The new title took 'the best' from newspapers
and magazines (including Emap's Zoo!). This strategy
had been used for several years by Dennis with The Week and
the Guardian with its Editor supplement. The
first issue culled from 54 papers and 185 mags for a mix of news,
humour, gadgets, quizzes, sport, cars and, of course, women,
although the flesh count was refreshingly low.
However, in October, Marketing Week reported that Bauer had stopped taking any advertising for Cut (14 October 2004, p15), and was rumoured to be gearing up for a relaunch. By November, Press Gazette saw 25 editorial jobs under threat as Bauer said it was reviewing the future of the title (11 November).
The issue published on 11 November was the last. Print Week said sales had fallen to just 10,000 after an initial print run, believed to have been about 700,000 copies, at Quebecor World in Corby (25 November, p9). 'It has been criticised for the poor quality of paper on which it was printed and the editorial content, which aimed to tone down the "booze and birds" focus of its rivals,' said Print Week.
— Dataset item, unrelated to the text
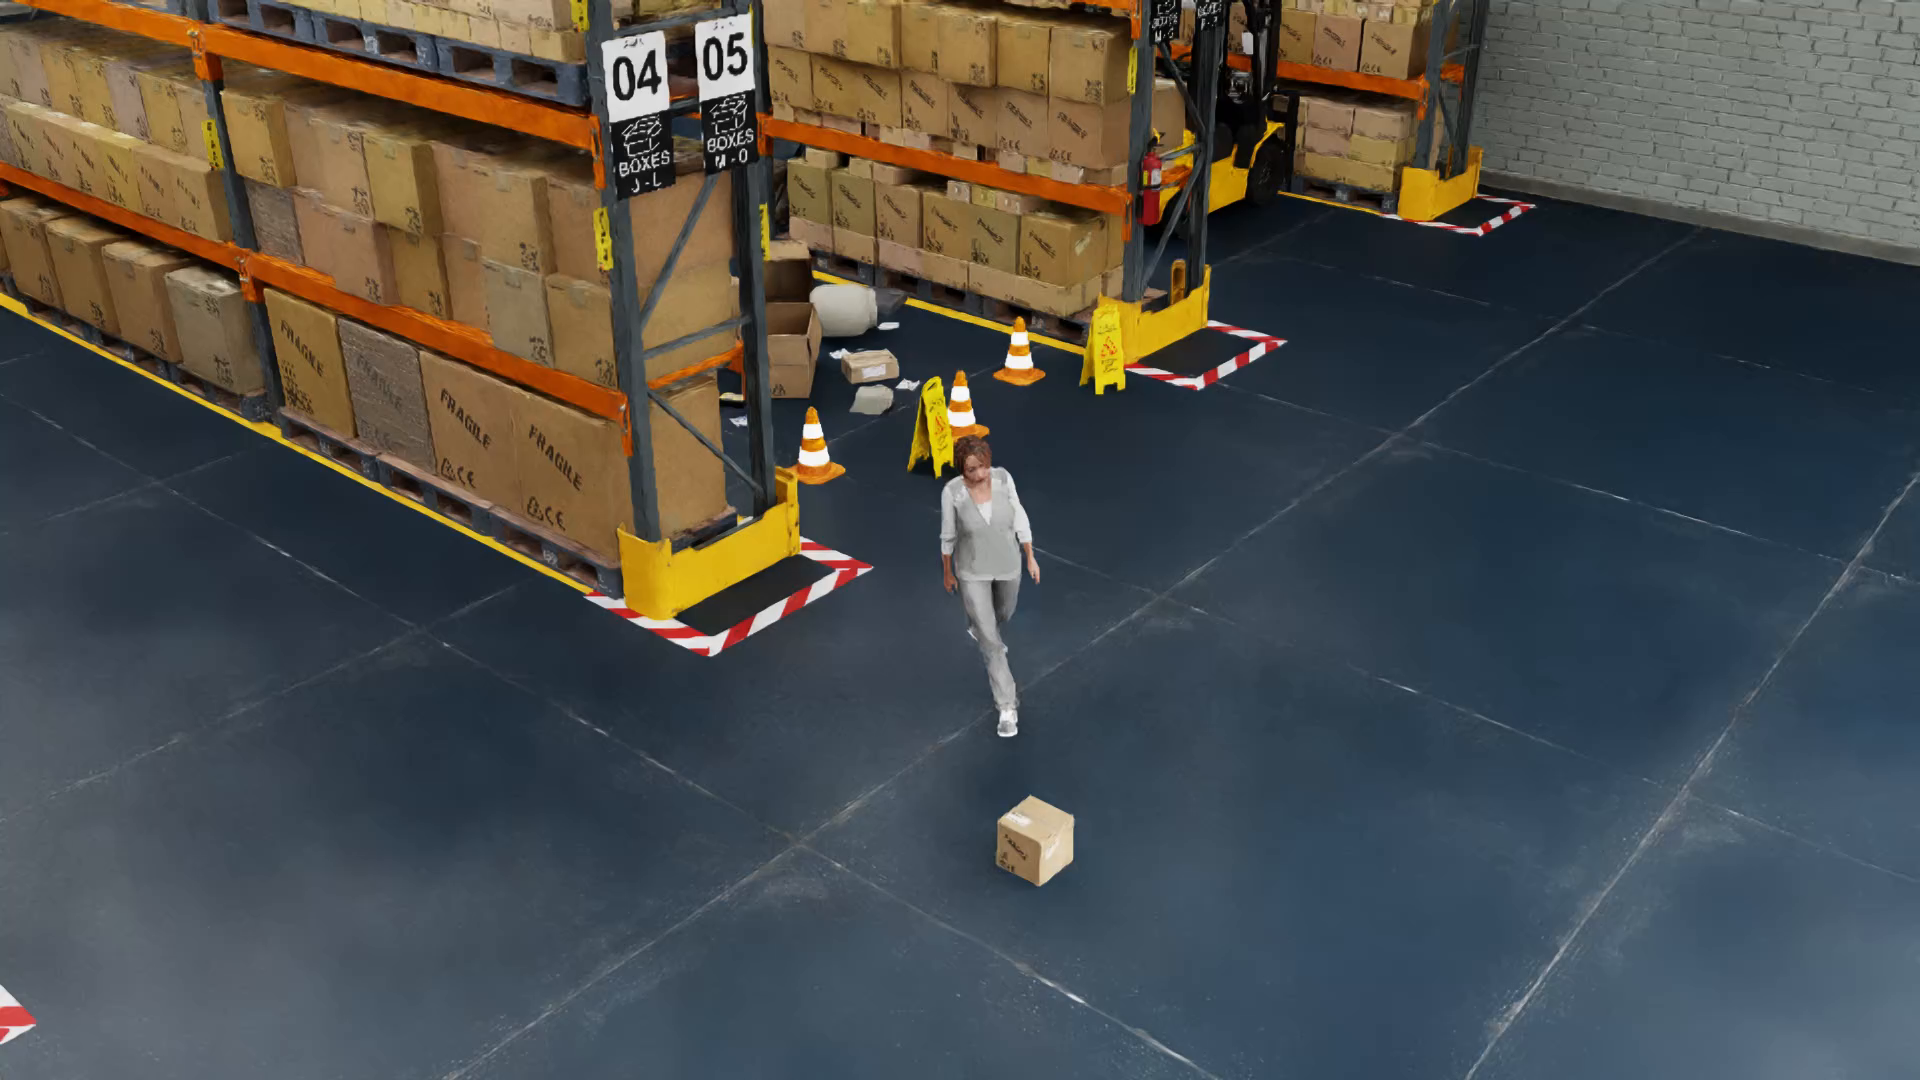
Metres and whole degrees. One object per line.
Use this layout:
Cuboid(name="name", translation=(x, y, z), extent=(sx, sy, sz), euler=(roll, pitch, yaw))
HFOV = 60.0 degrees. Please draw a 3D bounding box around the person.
Cuboid(name="person", translation=(0.148, 0.131, 8.399), extent=(0.504, 1.541, 0.920), euler=(-6, 28, -11))

The Brand Republic website ('Cut fails to make it as Bauer pulls plug on men's weekly,' 10 December) said Bauer blamed a 'highly competitive and promotionally led market'. David Goodchild, managing director of Bauer, was quoted as saying: 'Cut was an exploration of new territory for the company. The intent was to provide men with an alternative weekly read to the lad's weeklies.' Brand Republic said unofficial industry figures put sales of the first full-price issue at just 30,000.
Geller went on edit Sky, the free magazine for the 7 million subscribers to the satellite TV channel, at customer publisher John Brown Citrus.